* _Material provided_:

____________

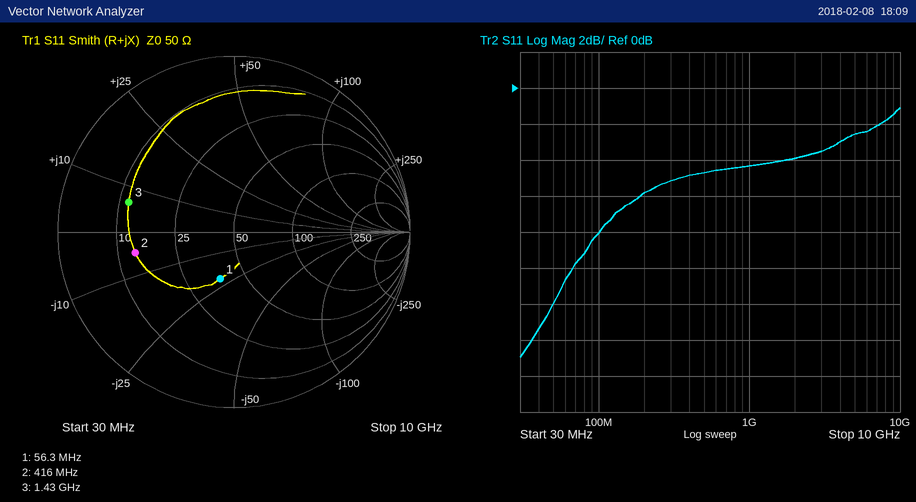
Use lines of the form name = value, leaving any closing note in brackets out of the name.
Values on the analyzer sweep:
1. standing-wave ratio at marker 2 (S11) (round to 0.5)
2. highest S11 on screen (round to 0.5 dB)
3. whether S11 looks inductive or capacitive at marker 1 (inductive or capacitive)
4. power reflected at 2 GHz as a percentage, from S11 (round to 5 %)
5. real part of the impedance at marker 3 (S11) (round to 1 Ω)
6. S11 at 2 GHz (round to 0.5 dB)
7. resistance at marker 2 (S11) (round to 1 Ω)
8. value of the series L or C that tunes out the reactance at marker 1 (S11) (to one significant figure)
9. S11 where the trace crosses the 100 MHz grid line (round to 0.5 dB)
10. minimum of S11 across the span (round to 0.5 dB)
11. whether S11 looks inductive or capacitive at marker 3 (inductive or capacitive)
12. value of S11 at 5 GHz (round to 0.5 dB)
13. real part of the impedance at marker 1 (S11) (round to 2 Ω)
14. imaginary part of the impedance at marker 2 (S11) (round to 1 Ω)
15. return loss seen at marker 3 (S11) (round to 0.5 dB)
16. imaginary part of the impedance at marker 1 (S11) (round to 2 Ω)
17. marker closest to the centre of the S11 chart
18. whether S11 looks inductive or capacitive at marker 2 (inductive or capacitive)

standing-wave ratio at marker 2 (S11) = 3.5
highest S11 on screen = -1.0 dB
whether S11 looks inductive or capacitive at marker 1 = capacitive
power reflected at 2 GHz as a percentage, from S11 = 40 %
real part of the impedance at marker 3 (S11) = 12 Ω
S11 at 2 GHz = -4.0 dB
resistance at marker 2 (S11) = 14 Ω
value of the series L or C that tunes out the reactance at marker 1 (S11) = 60 nH
S11 where the trace crosses the 100 MHz grid line = -8.0 dB
minimum of S11 across the span = -15.0 dB
whether S11 looks inductive or capacitive at marker 3 = inductive
value of S11 at 5 GHz = -2.5 dB
real part of the impedance at marker 1 (S11) = 38 Ω
imaginary part of the impedance at marker 2 (S11) = -5 Ω
return loss seen at marker 3 (S11) = 4.0 dB
imaginary part of the impedance at marker 1 (S11) = -22 Ω
marker closest to the centre of the S11 chart = marker 1
whether S11 looks inductive or capacitive at marker 2 = capacitive

____________

* _Work task_:
For this exercise, please output exactly the lines above starting at the line with "13. real part" and ending at the line with "17. marker closest", ends included.

* _Reply_:
13. real part of the impedance at marker 1 (S11) (round to 2 Ω)
14. imaginary part of the impedance at marker 2 (S11) (round to 1 Ω)
15. return loss seen at marker 3 (S11) (round to 0.5 dB)
16. imaginary part of the impedance at marker 1 (S11) (round to 2 Ω)
17. marker closest to the centre of the S11 chart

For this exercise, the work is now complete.